▶ [Information supplied]
§
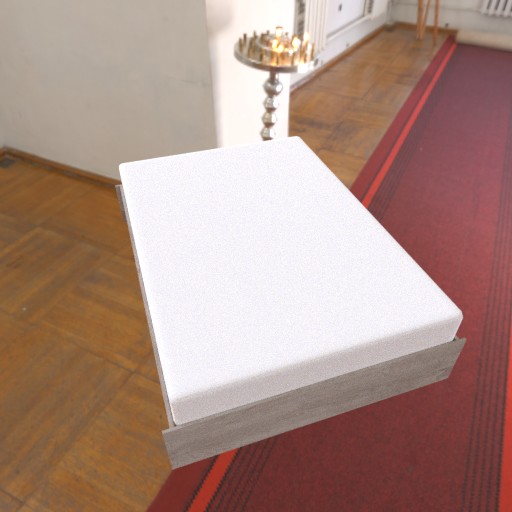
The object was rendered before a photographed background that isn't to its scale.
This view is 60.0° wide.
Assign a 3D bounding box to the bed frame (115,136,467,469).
[{"bbox_3d":[0.000,0.000,2.665,1.445,0.497,1.945,-13,42,-14],"label":"bed frame"}]
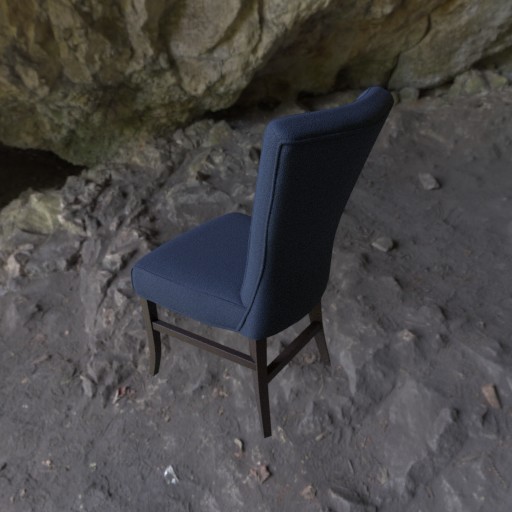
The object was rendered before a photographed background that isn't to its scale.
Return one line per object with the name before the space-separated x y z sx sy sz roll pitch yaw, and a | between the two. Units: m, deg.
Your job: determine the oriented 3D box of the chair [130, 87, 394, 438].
chair | 0.000 0.000 1.385 0.660 0.991 0.520 21 36 31
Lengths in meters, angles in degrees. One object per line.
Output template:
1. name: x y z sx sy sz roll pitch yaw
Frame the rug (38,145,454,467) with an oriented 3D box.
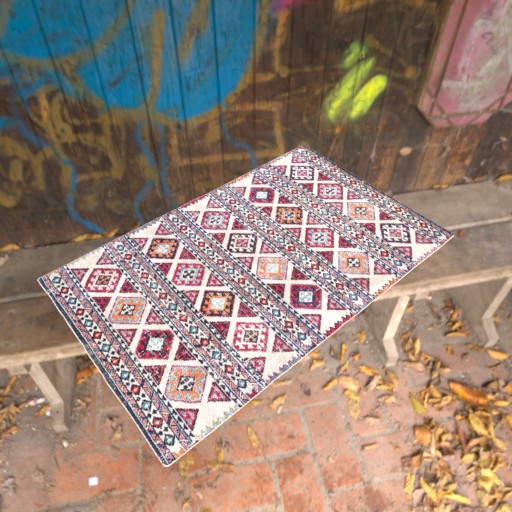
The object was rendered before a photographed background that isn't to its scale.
1. rug: 0.000 0.000 3.025 2.440 0.010 1.545 -32 54 -27
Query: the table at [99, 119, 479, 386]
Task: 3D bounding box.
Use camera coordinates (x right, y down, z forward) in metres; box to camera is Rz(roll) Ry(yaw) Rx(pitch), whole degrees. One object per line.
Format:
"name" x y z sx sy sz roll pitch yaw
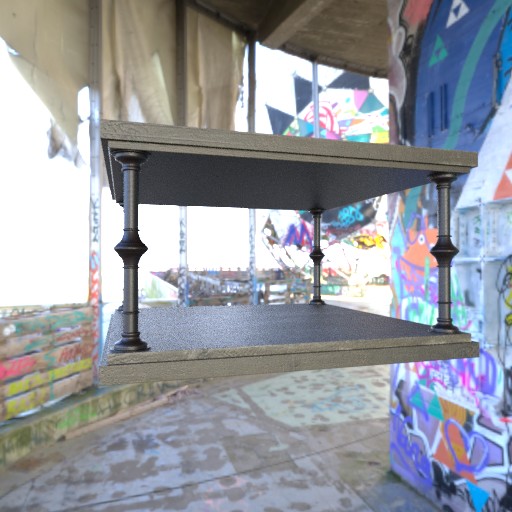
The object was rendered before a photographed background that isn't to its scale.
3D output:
"table" 0.000 0.000 1.096 0.696 0.400 0.696 0 -1 -17
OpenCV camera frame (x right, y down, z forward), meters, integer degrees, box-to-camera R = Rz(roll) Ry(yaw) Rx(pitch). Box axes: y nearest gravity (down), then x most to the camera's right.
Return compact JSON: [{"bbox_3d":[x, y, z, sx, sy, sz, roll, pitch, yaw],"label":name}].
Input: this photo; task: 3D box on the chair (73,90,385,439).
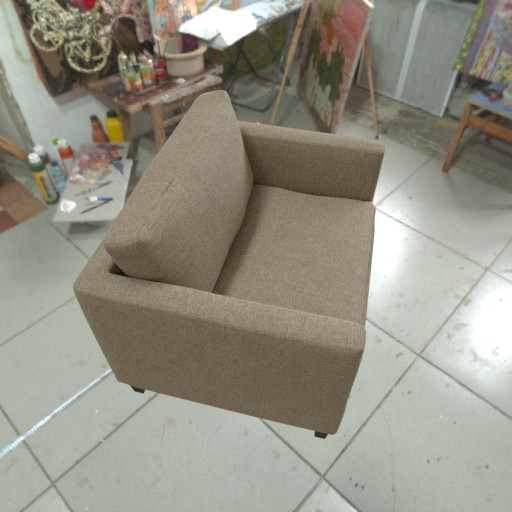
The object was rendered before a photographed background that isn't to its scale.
[{"bbox_3d":[0.000,0.000,1.871,0.959,0.987,1.107,11,49,9],"label":"chair"}]
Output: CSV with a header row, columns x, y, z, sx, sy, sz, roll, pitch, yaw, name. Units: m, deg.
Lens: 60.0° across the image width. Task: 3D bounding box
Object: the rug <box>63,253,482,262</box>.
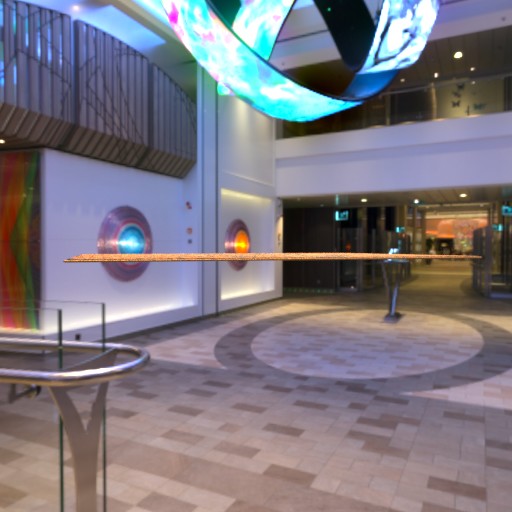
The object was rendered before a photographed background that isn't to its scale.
x,y,z,sx,sy,sz,roll,pitch,yaw,name
0.000,0.000,3.836,2.916,0.019,2.043,0,1,-19,rug
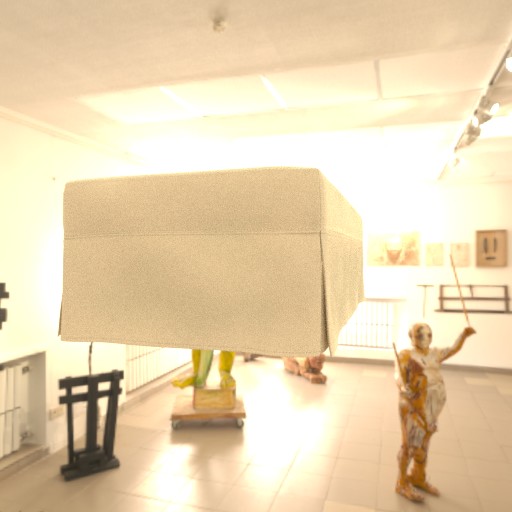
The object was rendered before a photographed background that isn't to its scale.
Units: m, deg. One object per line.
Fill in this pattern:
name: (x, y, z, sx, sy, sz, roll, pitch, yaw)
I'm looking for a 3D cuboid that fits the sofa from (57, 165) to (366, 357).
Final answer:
sofa: (0.000, 0.000, 2.118, 0.939, 0.552, 1.677, 0, 0, 17)
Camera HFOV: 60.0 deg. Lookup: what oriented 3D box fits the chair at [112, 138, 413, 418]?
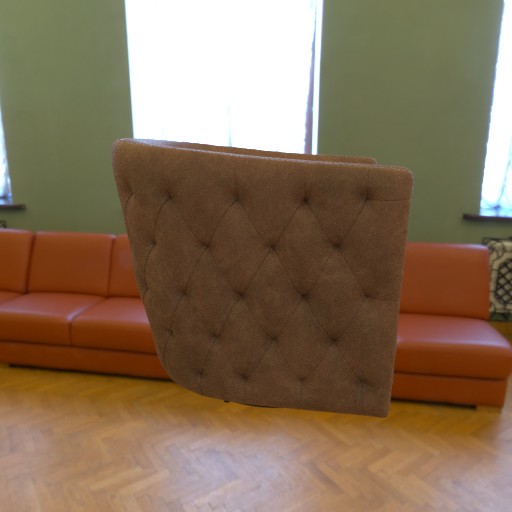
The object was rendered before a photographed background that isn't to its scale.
[{"bbox_3d":[0.000,0.000,1.536,0.870,0.790,0.850,2,14,8],"label":"chair"}]
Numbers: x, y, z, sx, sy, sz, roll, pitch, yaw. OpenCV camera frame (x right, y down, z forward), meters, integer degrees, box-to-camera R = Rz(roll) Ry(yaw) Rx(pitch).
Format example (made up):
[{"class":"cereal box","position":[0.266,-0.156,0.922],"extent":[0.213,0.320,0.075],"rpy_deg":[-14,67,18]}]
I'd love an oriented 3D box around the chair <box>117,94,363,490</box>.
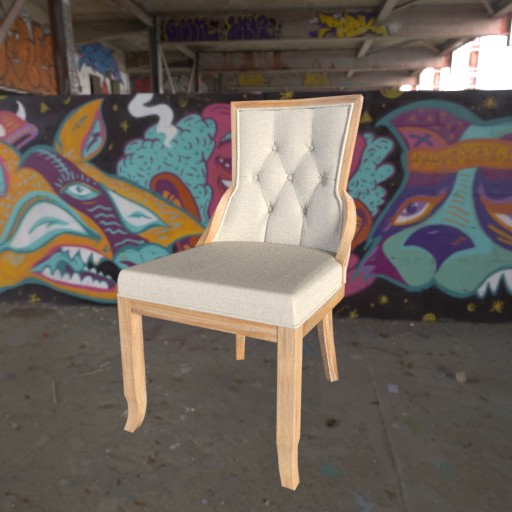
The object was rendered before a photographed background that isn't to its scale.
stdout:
[{"class":"chair","position":[0.000,0.000,1.325],"extent":[0.524,0.947,0.641],"rpy_deg":[6,15,26]}]
§
Copy out the records above in full, exactly as written, but not the pictures.

▶ [Problem solution]
The object was rendered before a photographed background that isn't to its scale.
This view is 60.0° wide.
Assign a 3D bounding box to the bed frame (115,136,467,469).
[{"bbox_3d":[0.000,0.000,2.665,1.445,0.497,1.945,-13,42,-14],"label":"bed frame"}]
The object was rendered before a photographed background that isn't to its scale.
Return one line per object with the name before the space-separated x y z sx sy sz roll pitch yaw, and a | between the two. Units: m, deg.
Your job: determine the oriented 3D box of the chair [130, 87, 394, 438].
chair | 0.000 0.000 1.385 0.660 0.991 0.520 21 36 31
Lengths in meters, angles in degrees. One object per line.
Output template:
1. name: x y z sx sy sz roll pitch yaw
Frame the rug (38,145,454,467) with an oriented 3D box.
The object was rendered before a photographed background that isn't to its scale.
1. rug: 0.000 0.000 3.025 2.440 0.010 1.545 -32 54 -27
Query: the table at [99, 119, 479, 386]
Task: 3D bounding box.
Use camera coordinates (x right, y down, z forward) in metres; box to camera is Rz(roll) Ry(yaw) Rx(pitch), whole degrees. One object per line.
Format:
"name" x y z sx sy sz roll pitch yaw
The object was rendered before a photographed background that isn't to its scale.
3D output:
"table" 0.000 0.000 1.096 0.696 0.400 0.696 0 -1 -17
OpenCV camera frame (x right, y down, z forward), meters, integer degrees, box-to-camera R = Rz(roll) Ry(yaw) Rx(pitch). Box axes: y nearest gravity (down), then x most to the camera's right.
Return compact JSON: [{"bbox_3d":[x, y, z, sx, sy, sz, roll, pitch, yaw],"label":name}].
Input: this photo; task: 3D box on the chair (73,90,385,439).
The object was rendered before a photographed background that isn't to its scale.
[{"bbox_3d":[0.000,0.000,1.871,0.959,0.987,1.107,11,49,9],"label":"chair"}]
Output: CSV with a header row, columns x, y, z, sx, sy, sz, roll, pitch, yaw, name. Units: m, deg.
Lens: 60.0° across the image width. Task: 3D bounding box
Object: the rug <box>63,253,482,262</box>.
The object was rendered before a photographed background that isn't to its scale.
x,y,z,sx,sy,sz,roll,pitch,yaw,name
0.000,0.000,3.836,2.916,0.019,2.043,0,1,-19,rug
The object was rendered before a photographed background that isn't to its scale.
Units: m, deg. One object per line.
Fill in this pattern:
name: (x, y, z, sx, sy, sz, roll, pitch, yaw)
I'm looking for a 3D cuboid that fits the sofa from (57, 165) to (366, 357).
Final answer:
sofa: (0.000, 0.000, 2.118, 0.939, 0.552, 1.677, 0, 0, 17)
Camera HFOV: 60.0 deg. Lookup: what oriented 3D box fits the chair at [112, 138, 413, 418]?
The object was rendered before a photographed background that isn't to its scale.
[{"bbox_3d":[0.000,0.000,1.536,0.870,0.790,0.850,2,14,8],"label":"chair"}]
Numbers: x, y, z, sx, sy, sz, roll, pitch, yaw. OpenCV camera frame (x right, y down, z forward), meters, integer degrees, box-to-camera R = Rz(roll) Ry(yaw) Rx(pitch).
Format example (made up):
[{"class":"cereal box","position":[0.266,-0.156,0.922],"extent":[0.213,0.320,0.075],"rpy_deg":[-14,67,18]}]
I'd love an oriented 3D box around the chair <box>117,94,363,490</box>.
The object was rendered before a photographed background that isn't to its scale.
stdout:
[{"class":"chair","position":[0.000,0.000,1.325],"extent":[0.524,0.947,0.641],"rpy_deg":[6,15,26]}]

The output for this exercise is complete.